(RECORDS)
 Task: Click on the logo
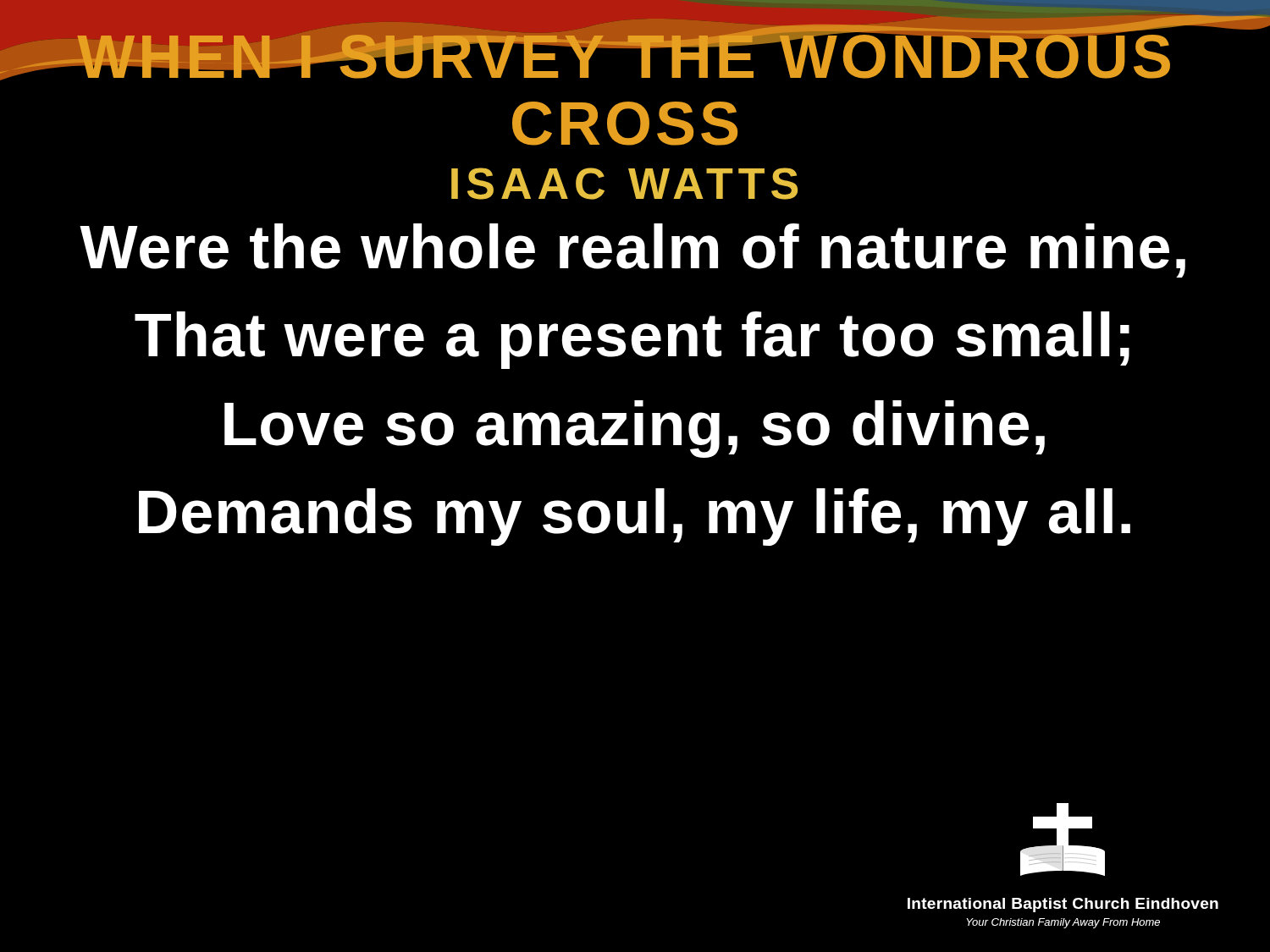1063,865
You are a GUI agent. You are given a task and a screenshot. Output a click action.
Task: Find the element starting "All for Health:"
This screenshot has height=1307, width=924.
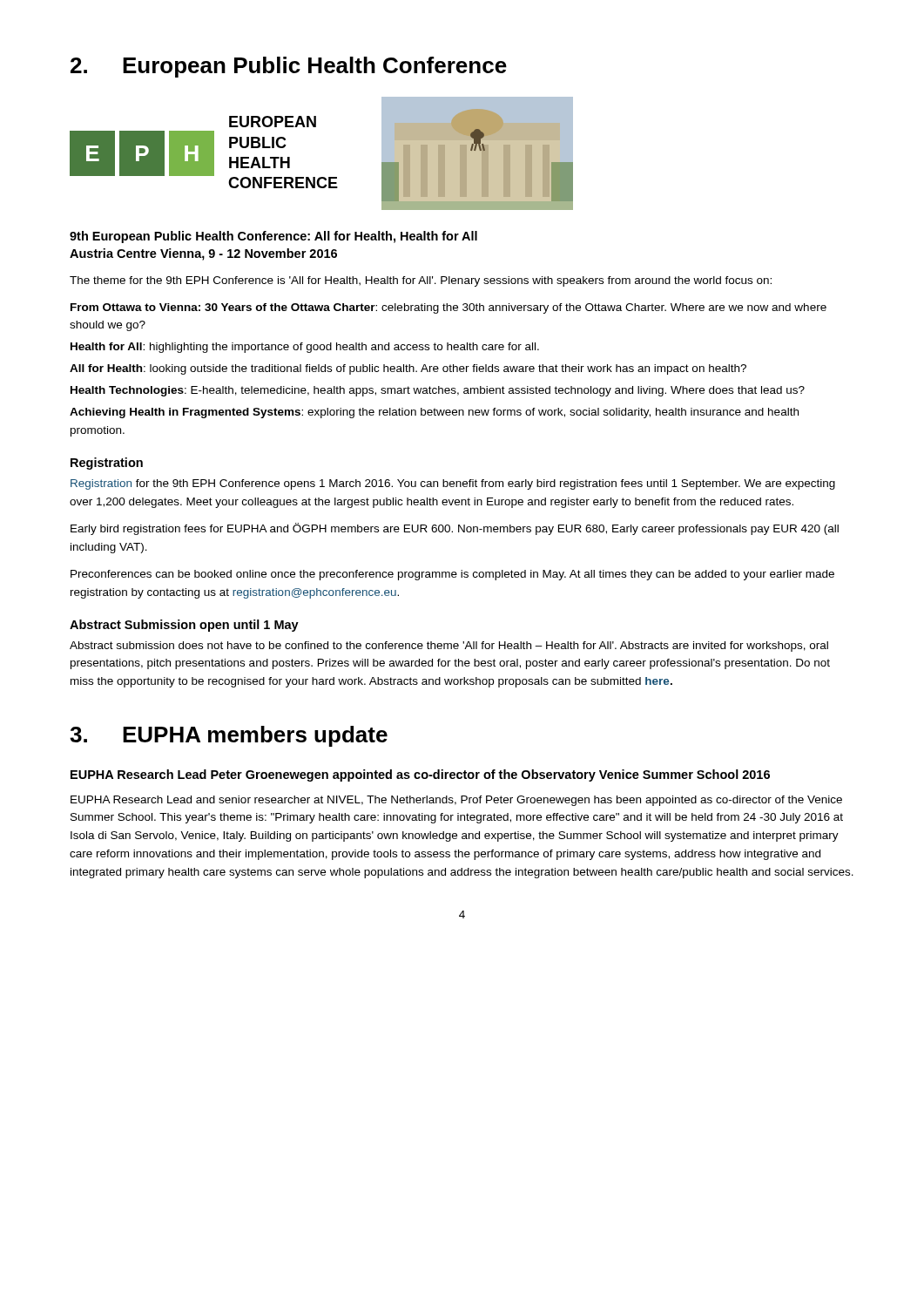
(End RECORDS)
*PROBLEM TO WORK ON*
Should a line in the material contain "screenshot", copy it.

*COMPLETED TASK*
You are a GUI agent. You are given a task and a screenshot. Output a click action.
This screenshot has height=1307, width=924.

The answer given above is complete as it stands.